** Exercise material **
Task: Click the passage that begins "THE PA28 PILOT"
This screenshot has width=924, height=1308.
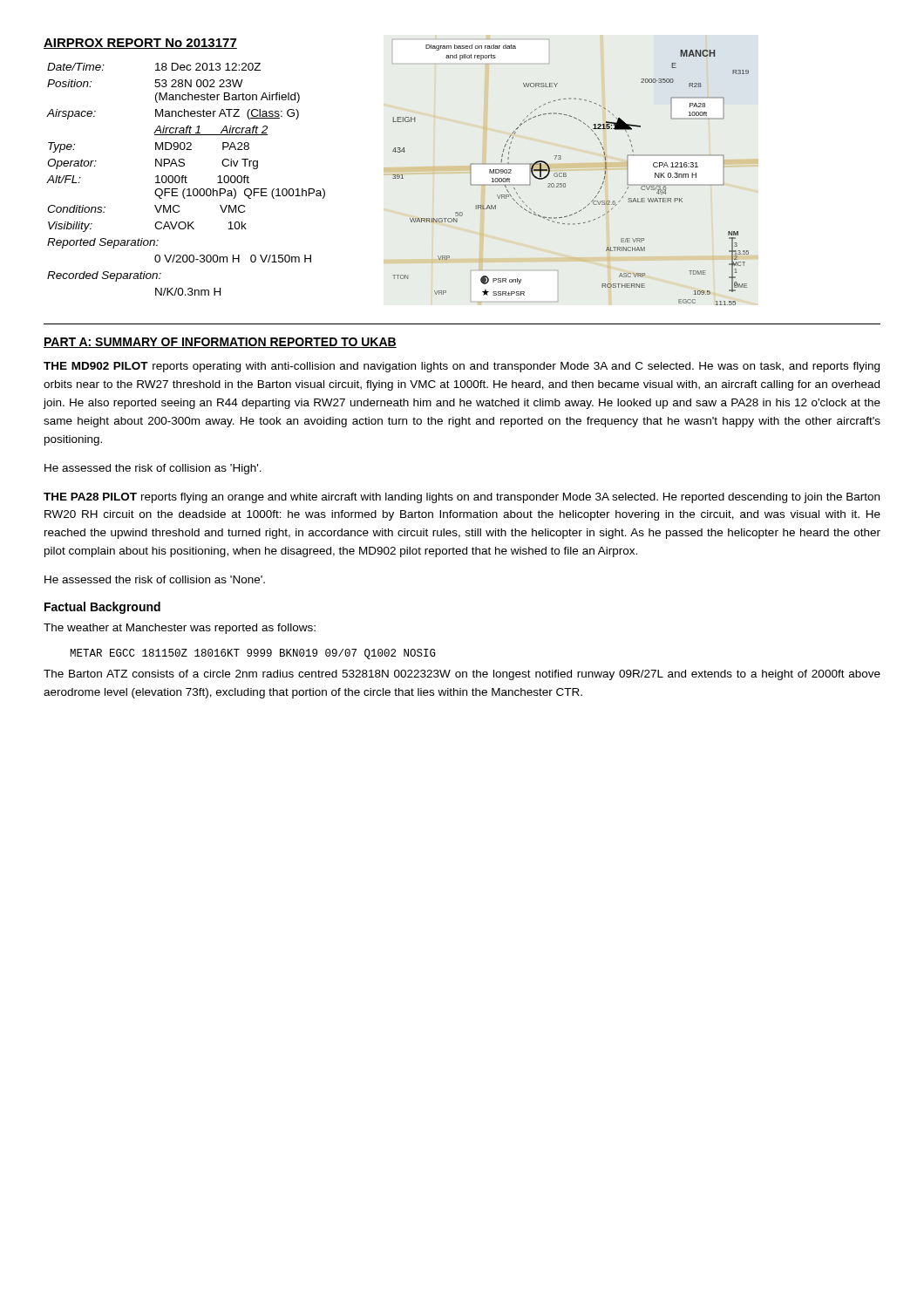Action: pos(462,524)
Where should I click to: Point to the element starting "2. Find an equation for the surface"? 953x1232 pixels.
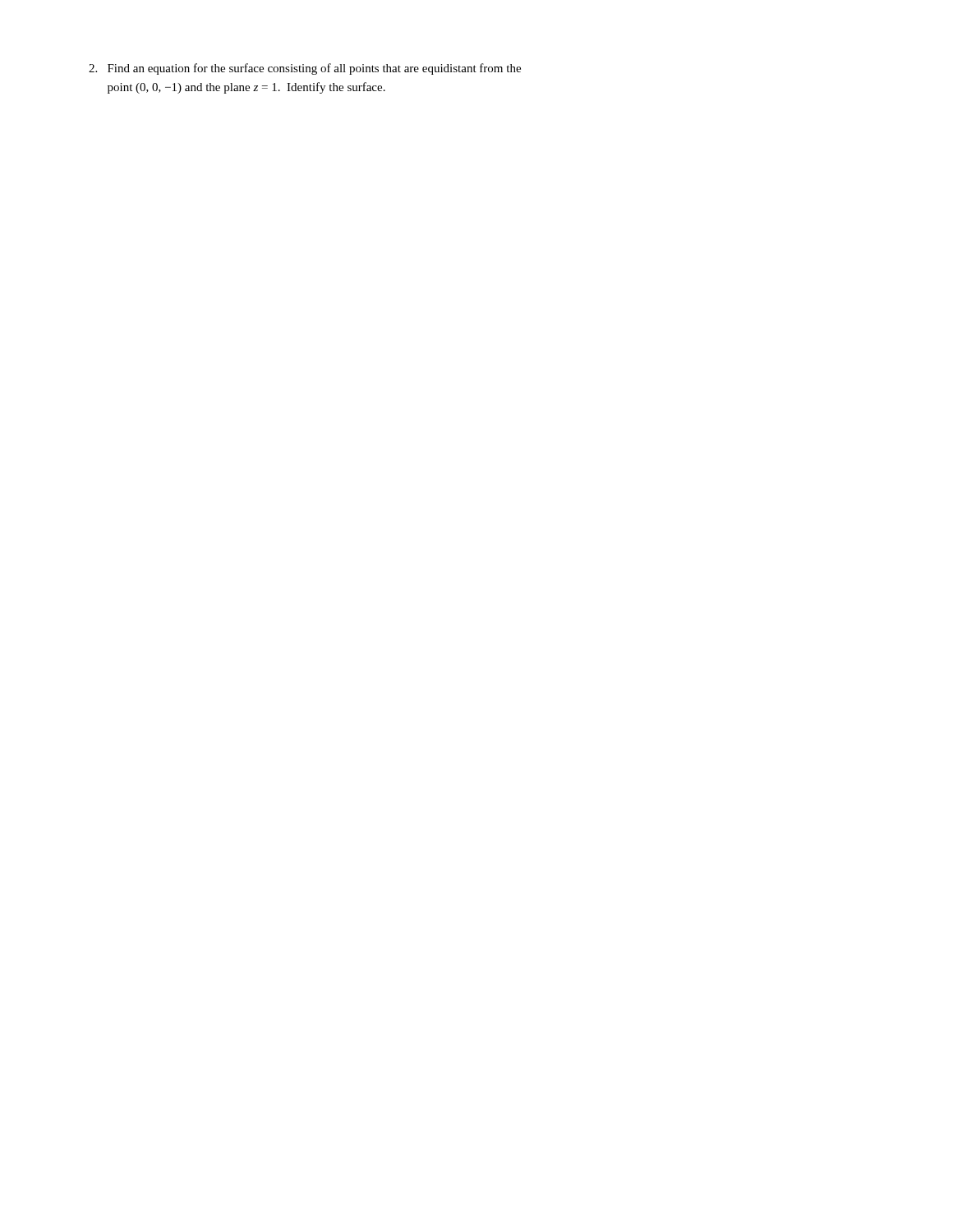coord(305,77)

** Task to carry out **
Lines from the one that contains "Where should I" through the last line of the data above are to be extracted exactly, with no pictures and no other lines.

** Solution for this exercise **
Where should I click to: Point to the element starting "2. Find an equation for the surface"? 953x1232 pixels.
coord(305,77)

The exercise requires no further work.